In the episode’s second half, Tom and his tattooed, hard-drinking mom (Edi Patterson) install a hot tub on their front lawn — leading to Tom pretending to own a neighbor’s luxury yacht and taking his pals out for a ride (it’s piloted by his slovenly, bare-chested, beer-bellied uncle).
Like that.
“My writing style is very spontaneous, simple and linear — how to get from A to B with as many crazy left turns as possible,” Dildarian said. “I don’t plot [the episodes] out and rack my brain on where it can go. A lot of times I sit down and start writing and I’m as surprised as the viewer. I’m hearing dialogue and feeling it and when I write, when it works, I’m making myself laugh.
“That goes back to the very beginning of me doing TV and doing animation and even my background before that, which was advertising,” he said. “I had a long career doing a lot of Budweiser commercials [the classic Budweiser Lizard ads] and 30-second snippets of comedy. I’ve written no shortage of half-hour scripts and the only prior show I got on the air was ‘The Life and Times of Tim.’ At the time, HBO said, ‘Hey, we liked your short films — let’s not change it too much, let’s not put our TV hat on and make it a show now.’
“One of the producers on the old show said to me that the way my show plays out it feels like a bunch of 60-second commercials strung together, where each scene is a little over a minute with a strong beginning, middle and end and feels like its own mini-story. I think there’s a lot of truth to that.
“I write each scene like what’s the most conflict-ridden person Tom can interact with and just let that build and blow up — and then it’s onto the next scene.”
As he did in “The Life and Times of Tim,” Dildarian has also corralled a bevy of celebrity voices for “Ten Year Old Tom” including Jennifer Coolidge (the mother of Dakota, played by Gillian Jacobs), John Malkovich (Mr. B) and David Duchovny (Ice Cream Man).

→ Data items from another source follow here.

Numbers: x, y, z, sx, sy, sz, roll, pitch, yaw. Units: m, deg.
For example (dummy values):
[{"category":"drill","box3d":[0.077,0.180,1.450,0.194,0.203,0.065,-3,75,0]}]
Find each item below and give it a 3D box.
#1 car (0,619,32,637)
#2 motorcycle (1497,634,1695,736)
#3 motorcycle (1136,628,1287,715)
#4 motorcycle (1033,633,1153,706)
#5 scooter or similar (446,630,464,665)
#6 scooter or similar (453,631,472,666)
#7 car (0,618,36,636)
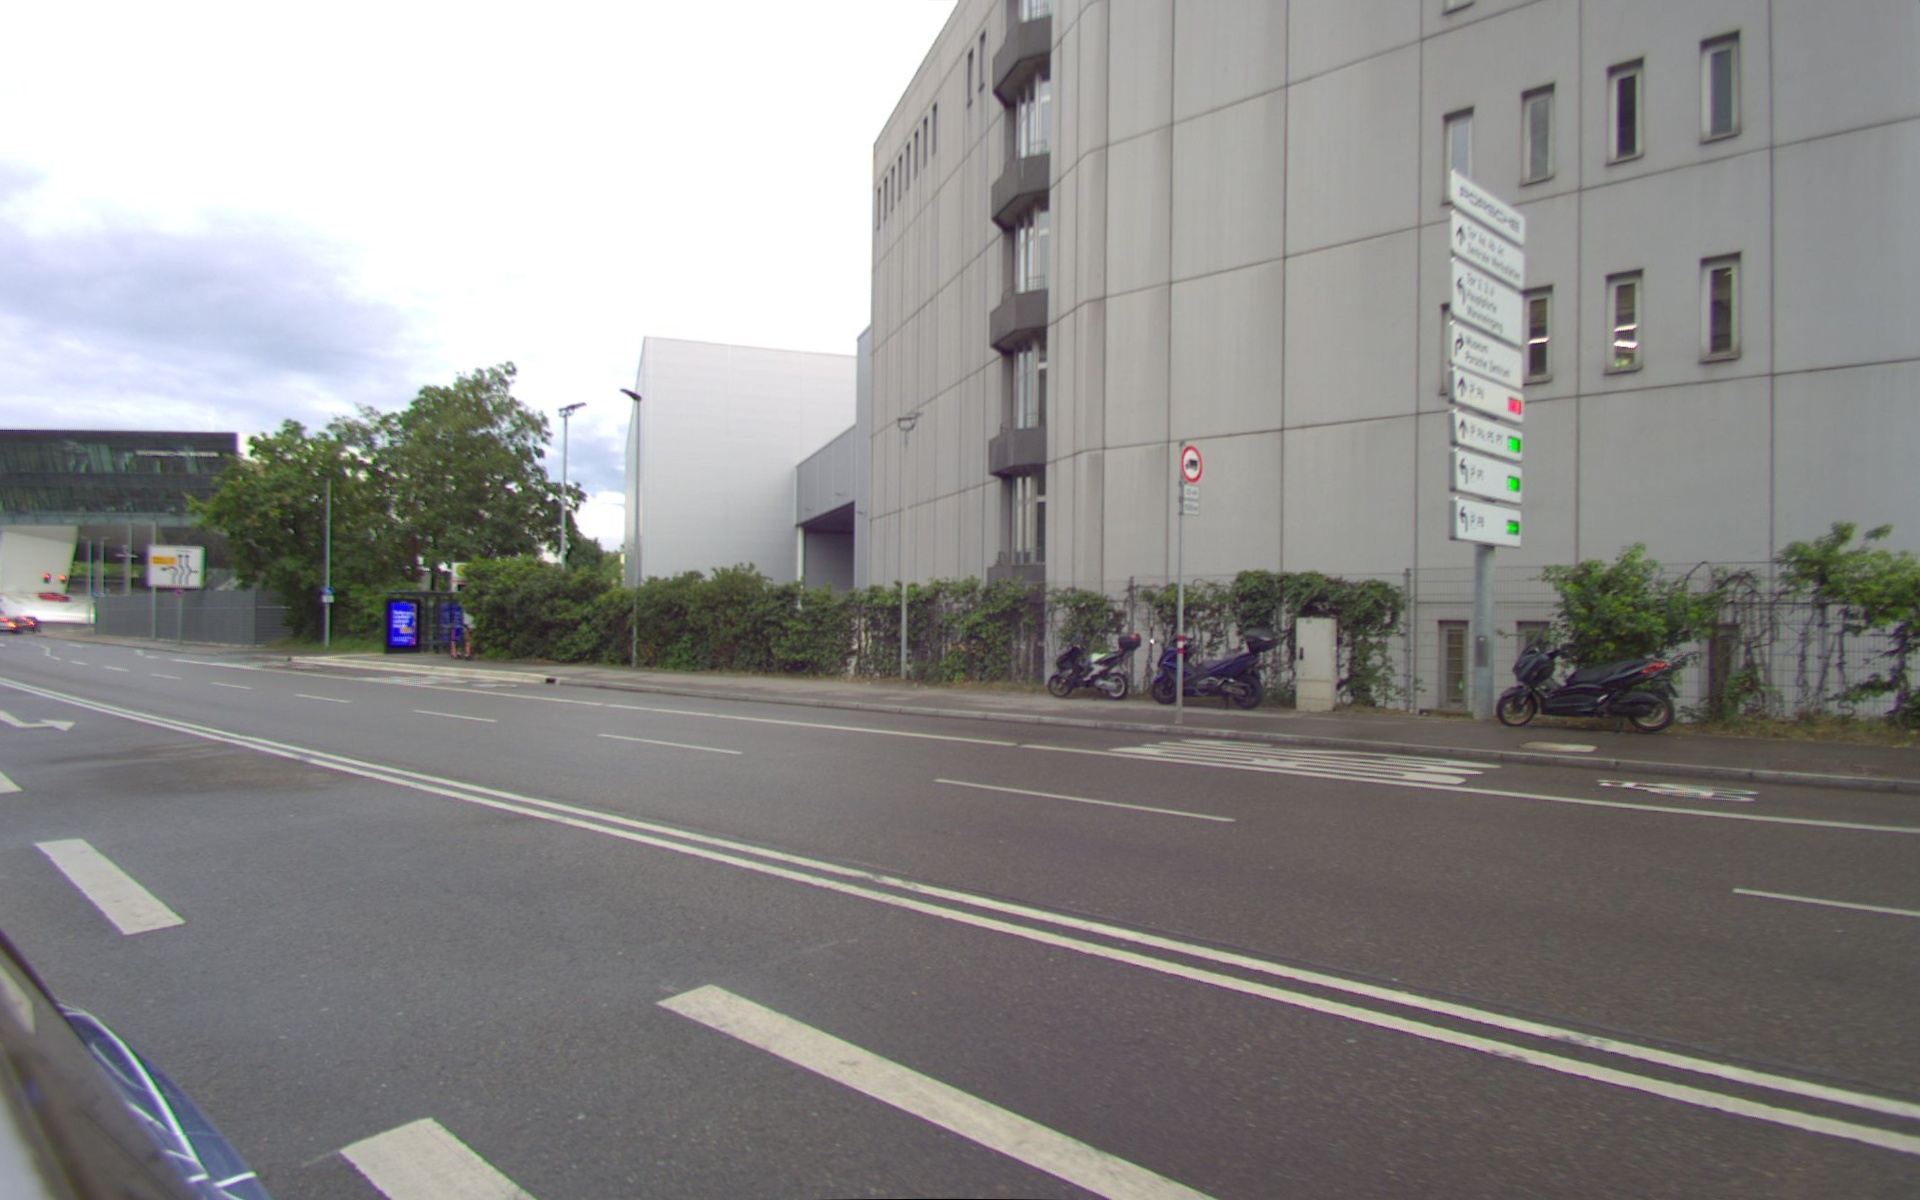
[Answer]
[{"category":"car","box3d":[-82.215,2.405,87.447,2.233,1.488,4.059,1,-1,-32]},{"category":"motorcycle","box3d":[8.514,1.092,13.606,2.156,1.257,0.776,-1,-2,40]},{"category":"motorcycle","box3d":[4.206,1.165,17.069,2.368,1.358,0.776,-1,-2,40]},{"category":"motorcycle","box3d":[2.446,1.254,18.807,2.156,1.260,0.776,-1,-2,40]},{"category":"scooter or similar","box3d":[-18.087,1.692,36.242,0.383,1.189,1.253,1,-1,-36]},{"category":"scooter or similar","box3d":[-17.281,1.675,35.132,0.373,1.190,1.381,1,-1,-36]},{"category":"car","box3d":[-86.728,2.478,93.038,1.834,1.663,3.799,1,-2,-30]}]
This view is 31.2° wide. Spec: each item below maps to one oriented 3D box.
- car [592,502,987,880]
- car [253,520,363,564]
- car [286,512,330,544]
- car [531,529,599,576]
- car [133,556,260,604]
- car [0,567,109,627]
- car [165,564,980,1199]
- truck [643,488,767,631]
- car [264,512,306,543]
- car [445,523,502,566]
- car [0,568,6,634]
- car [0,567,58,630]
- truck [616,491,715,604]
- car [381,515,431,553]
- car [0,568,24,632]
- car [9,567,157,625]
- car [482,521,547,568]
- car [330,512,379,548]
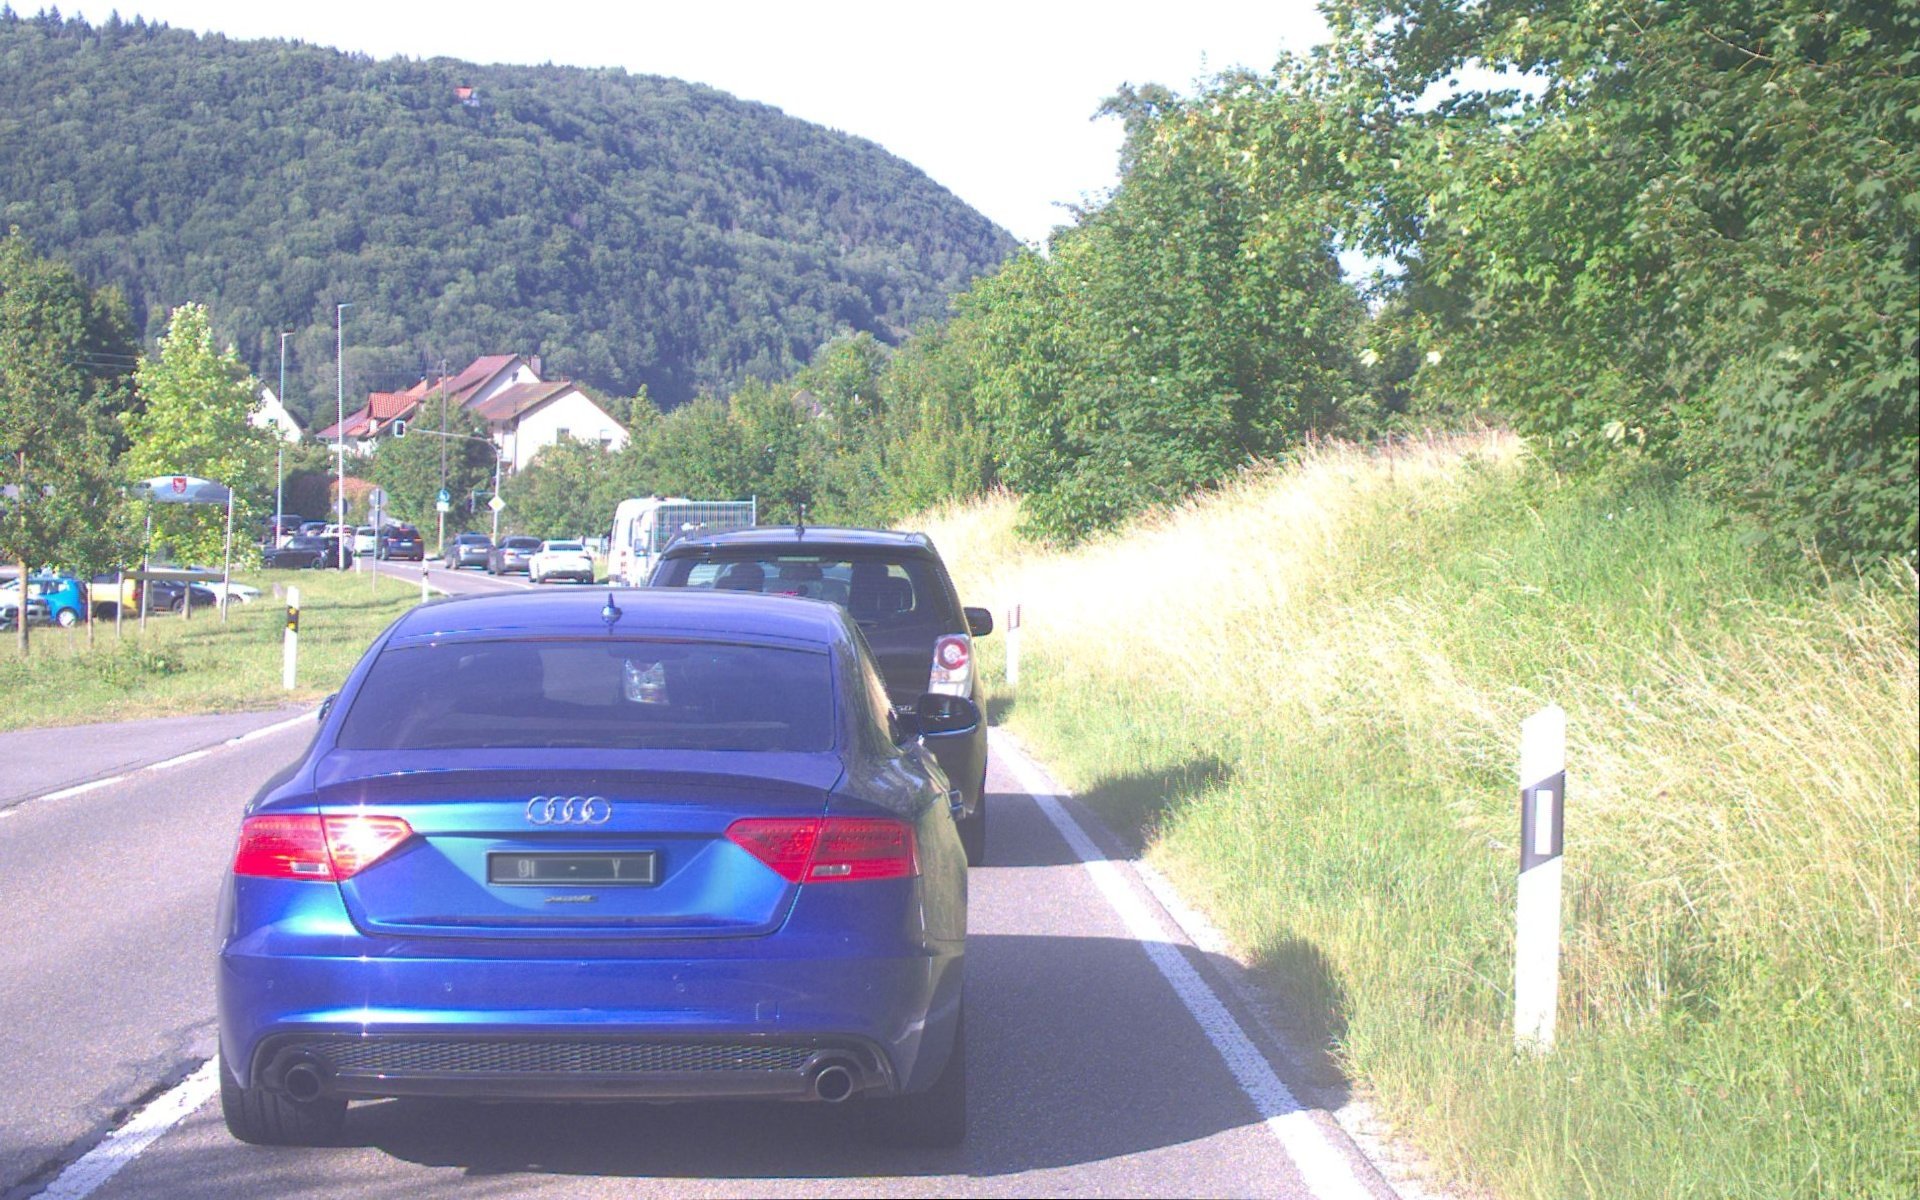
[{"bbox_3d":[-0.757,0.394,17.378,1.754,1.675,3.846,1,0,0],"label":"car"},{"bbox_3d":[-25.958,-2.322,136.792,3.993,1.706,1.849,1,0,28],"label":"car"},{"bbox_3d":[-35.658,-3.943,187.915,1.845,1.706,4.001,1,1,-18],"label":"car"},{"bbox_3d":[-13.102,-1.569,113.905,1.845,1.477,4.001,1,0,-12],"label":"car"},{"bbox_3d":[-26.315,-0.696,118.567,3.986,1.573,1.753,1,0,-3],"label":"car"},{"bbox_3d":[-27.315,-0.112,101.332,3.986,1.705,2.000,1,0,-3],"label":"car"},{"bbox_3d":[-0.834,0.630,9.394,1.754,1.425,3.846,1,0,0],"label":"car"},{"bbox_3d":[-4.888,-0.766,65.630,2.229,2.561,6.104,1,0,-5],"label":"truck"},{"bbox_3d":[-38.423,-4.106,195.561,1.845,1.706,4.001,1,1,-18],"label":"car"},{"bbox_3d":[-19.951,-2.258,140.925,1.845,1.706,4.001,1,0,-15],"label":"car"},{"bbox_3d":[-26.846,0.009,88.604,3.986,1.705,2.000,1,0,-3],"label":"car"},{"bbox_3d":[-27.305,-0.060,95.545,3.986,1.705,2.000,1,0,-3],"label":"car"},{"bbox_3d":[-7.025,-1.231,81.686,2.229,2.561,6.709,1,0,-5],"label":"truck"},{"bbox_3d":[-25.995,-3.080,161.269,1.845,1.706,4.001,1,0,-16],"label":"car"},{"bbox_3d":[-27.368,-0.031,92.260,3.986,1.705,2.000,1,0,-3],"label":"car"},{"bbox_3d":[-26.515,-0.125,104.007,3.986,1.705,2.000,1,0,-3],"label":"car"},{"bbox_3d":[-16.553,-2.052,127.712,1.845,1.706,4.001,1,0,-15],"label":"car"},{"bbox_3d":[-30.283,-3.491,171.828,1.845,1.706,4.001,1,1,-18],"label":"car"}]

“From Day One, even on the old show, I’ve always been pleasantly surprised and a little shocked at the number of people that say ‘yes,’ he said. “Sometimes when you reach out it seems like a longshot, like ‘Why are we wasting everyone’s time? John Malkovich isn’t going to do this show.’ The casting agents are always a little more confident than I am and they’re like, ‘Let’s just ask.’ Not to pat myself on the back, [the celebs] just respond to the writing — the script is funny, sometimes laugh-out-loud funny — and it is, to some degree, tailored to them.
“I don’t randomly reach out to these people; usually it’s like I know they’re going to respond … there’s something [in the script] I think they’re going to latch on to and have some fun with.”